Without any pictures, print exactly the lines that run from the start of the data through the line containing "[0:00.0-0:12.0]".
⟨
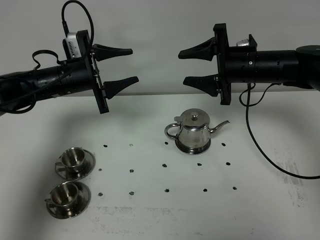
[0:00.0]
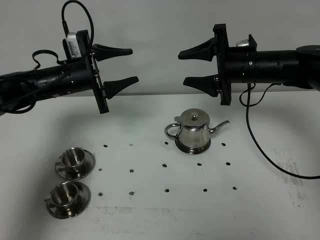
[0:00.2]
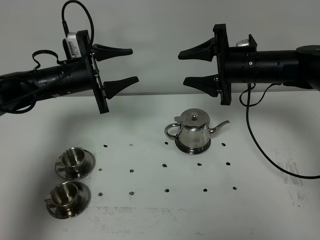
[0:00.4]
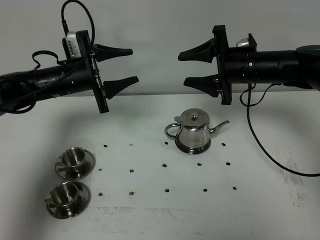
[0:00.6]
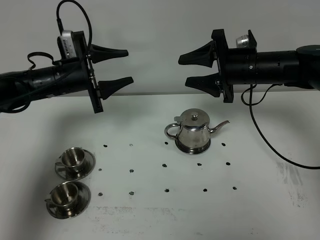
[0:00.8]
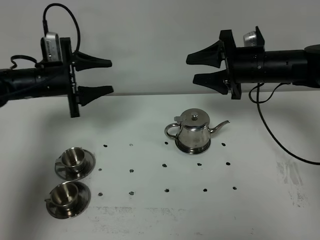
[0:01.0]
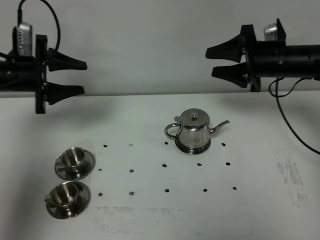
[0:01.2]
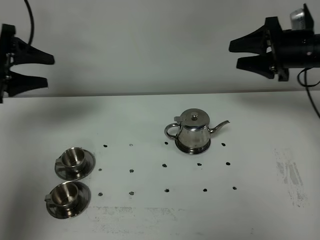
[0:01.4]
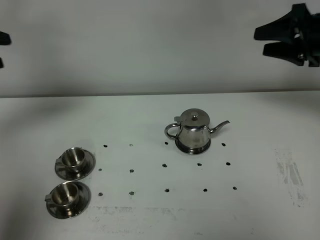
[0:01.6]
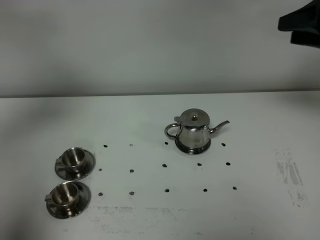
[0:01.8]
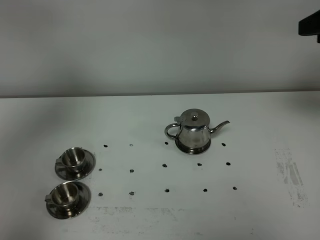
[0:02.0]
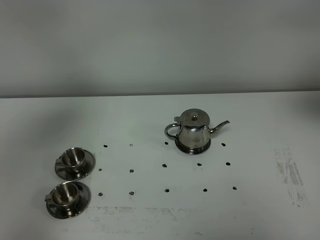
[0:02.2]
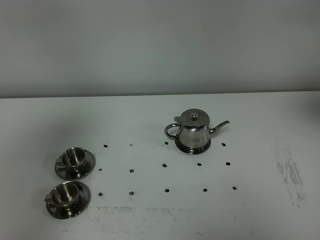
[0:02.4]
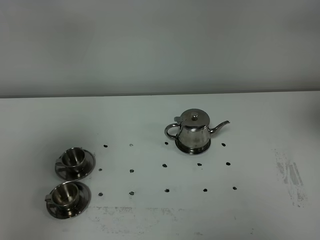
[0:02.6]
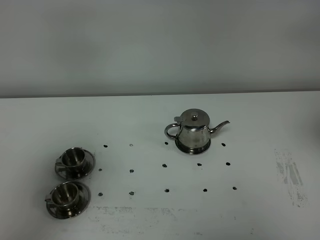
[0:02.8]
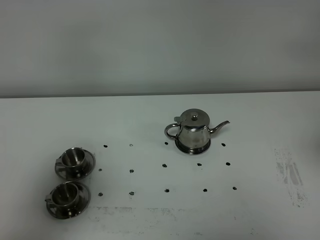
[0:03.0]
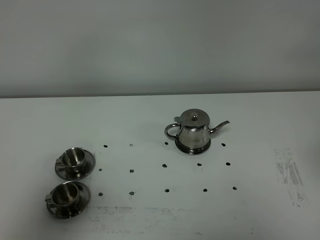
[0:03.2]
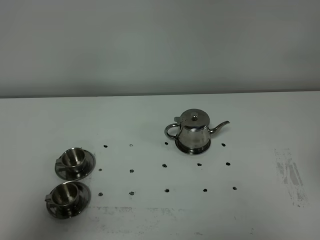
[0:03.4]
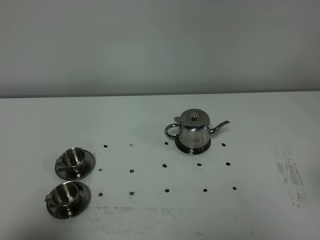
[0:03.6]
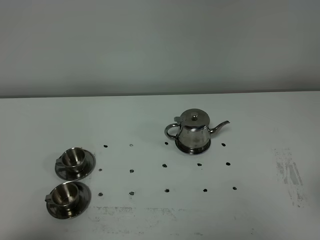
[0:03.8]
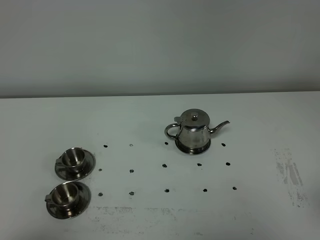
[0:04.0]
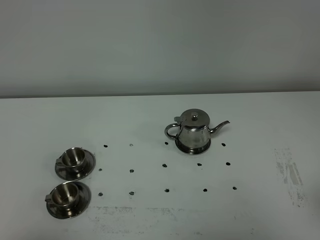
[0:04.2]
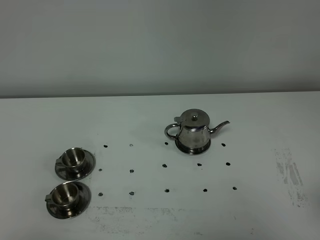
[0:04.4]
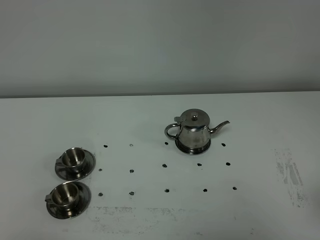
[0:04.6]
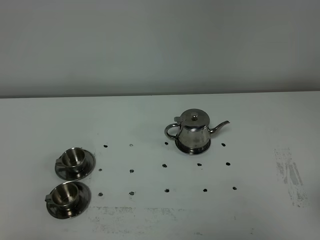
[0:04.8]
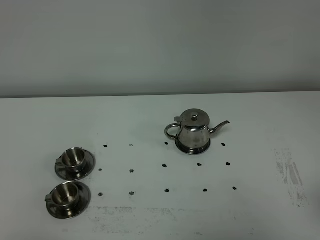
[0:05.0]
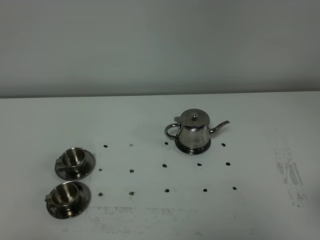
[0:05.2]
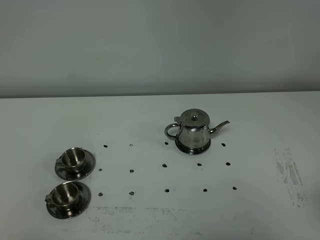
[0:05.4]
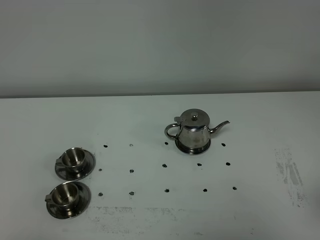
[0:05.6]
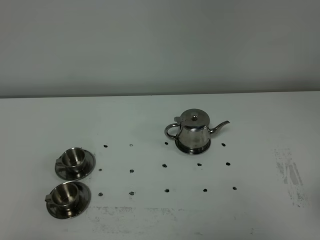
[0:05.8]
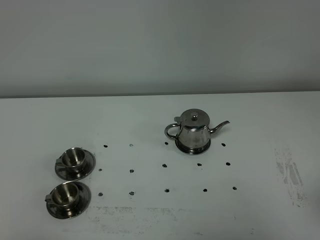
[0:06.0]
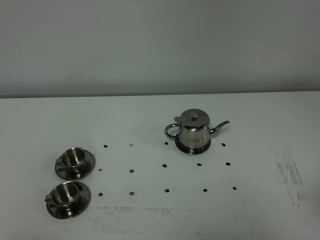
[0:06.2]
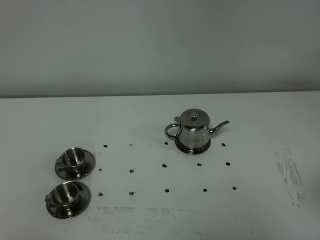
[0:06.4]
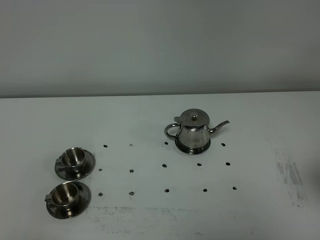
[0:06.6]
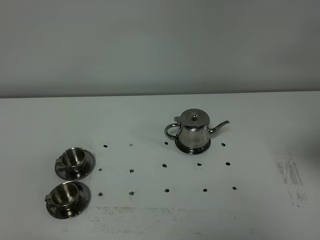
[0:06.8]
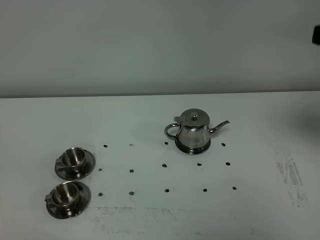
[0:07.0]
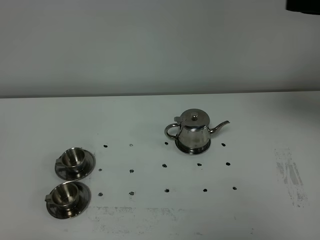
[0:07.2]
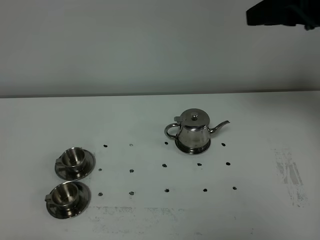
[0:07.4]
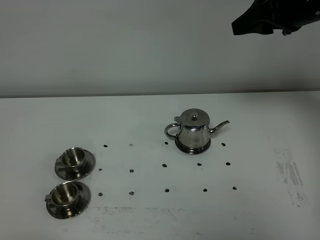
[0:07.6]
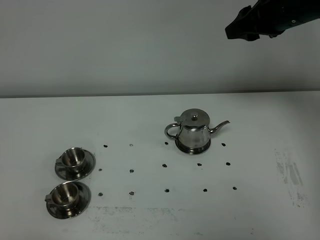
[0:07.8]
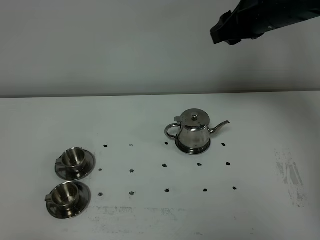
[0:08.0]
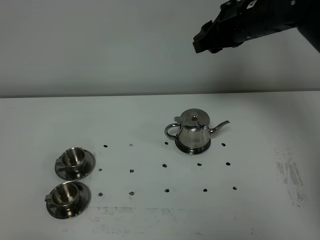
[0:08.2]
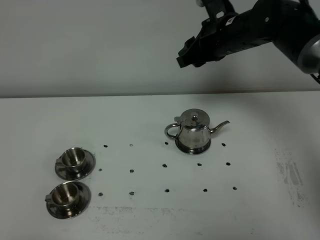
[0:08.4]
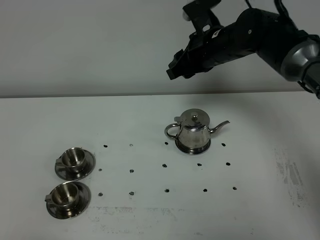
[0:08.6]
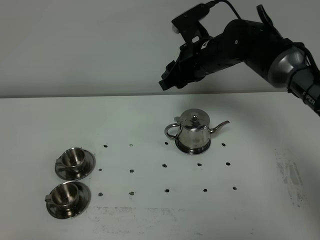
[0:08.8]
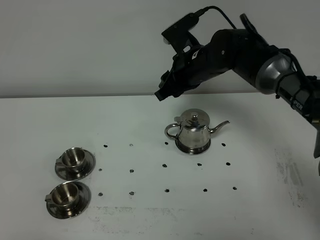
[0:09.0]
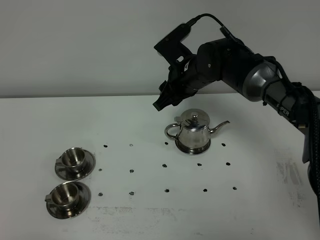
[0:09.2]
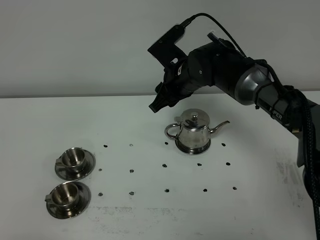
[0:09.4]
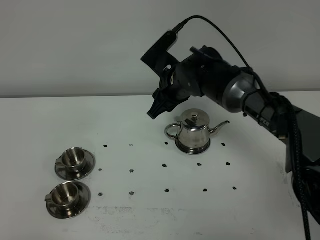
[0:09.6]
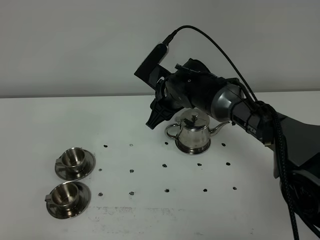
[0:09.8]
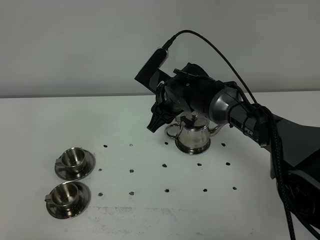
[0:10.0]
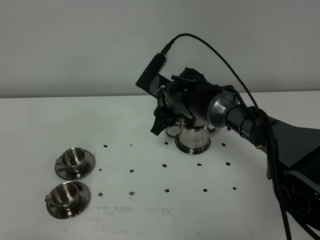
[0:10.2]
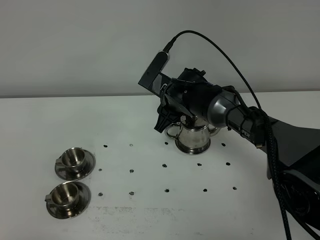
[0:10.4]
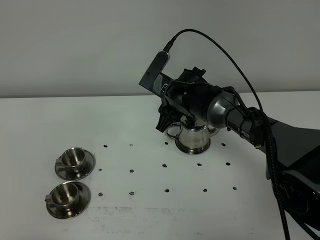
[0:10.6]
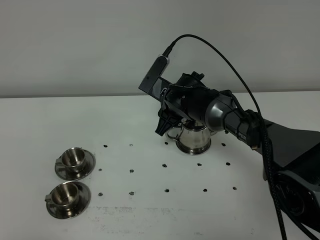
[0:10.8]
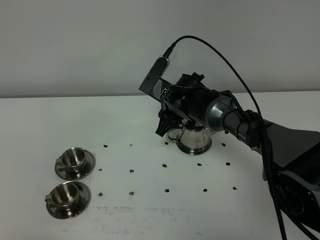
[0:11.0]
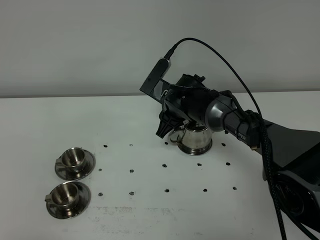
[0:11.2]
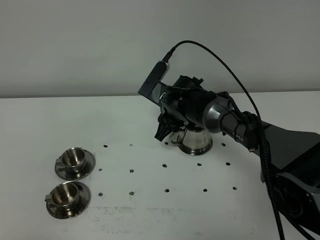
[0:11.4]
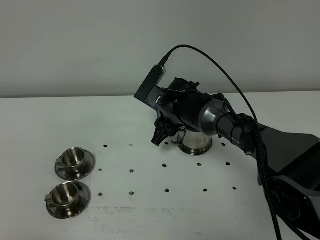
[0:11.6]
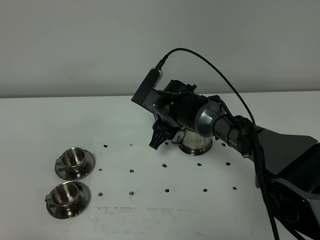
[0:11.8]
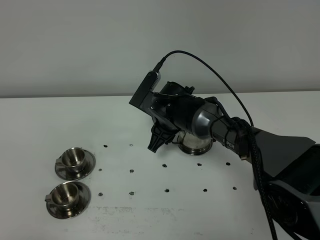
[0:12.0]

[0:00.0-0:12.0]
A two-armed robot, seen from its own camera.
Task of the whole recording: grasp the stainless steel teapot and pour the tea into the two stainless steel teacups one by one, put the stainless steel teapot back in its original place.
0:00.0 to 0:01.6: The left gripper shifts roughly 25 cm to the left, upward and backward, while the right gripper heads to the right and upward, covering some 15 cm.
0:01.6 to 0:03.0: The grippers both shift backward by about 25 cm.
0:03.0 to 0:04.4: The left gripper shifts roughly 20 cm downward and backward.
0:04.4 to 0:06.0: Neither gripper changes place.
0:06.0 to 0:07.6: The right gripper goes some 30 cm forward.
0:07.6 to 0:09.0: The right gripper travels to the left and downward by approximately 20 cm.
0:09.0 to 0:10.4: The right gripper heads downward, covering about 5 cm.
0:10.4 to 0:12.0: The grippers move only a little.
⟩
| EXERCISE RESULT |
[0:00.0]
[0:00.2]
[0:00.4]
[0:00.6]
[0:00.8]
[0:01.0]
[0:01.2]
[0:01.4]
[0:01.6]
[0:01.8]
[0:02.0]
[0:02.2]
[0:02.4]
[0:02.6]
[0:02.8]
[0:03.0]
[0:03.2]
[0:03.4]
[0:03.6]
[0:03.8]
[0:04.0]
[0:04.2]
[0:04.4]
[0:04.6]
[0:04.8]
[0:05.0]
[0:05.2]
[0:05.4]
[0:05.6]
[0:05.8]
[0:06.0]
[0:06.2]
[0:06.4]
[0:06.6]
[0:06.8]
[0:07.0]
[0:07.2]
[0:07.4]
[0:07.6]
[0:07.8]
[0:08.0]
[0:08.2]
[0:08.4]
[0:08.6]
[0:08.8]
[0:09.0]
[0:09.2]
[0:09.4]
[0:09.6]
[0:09.8]
[0:10.0]
[0:10.2]
[0:10.4]
[0:10.6]
[0:10.8]
[0:11.0]
[0:11.2]
[0:11.4]
[0:11.6]
[0:11.8]
[0:12.0]

[0:00.0-0:12.0]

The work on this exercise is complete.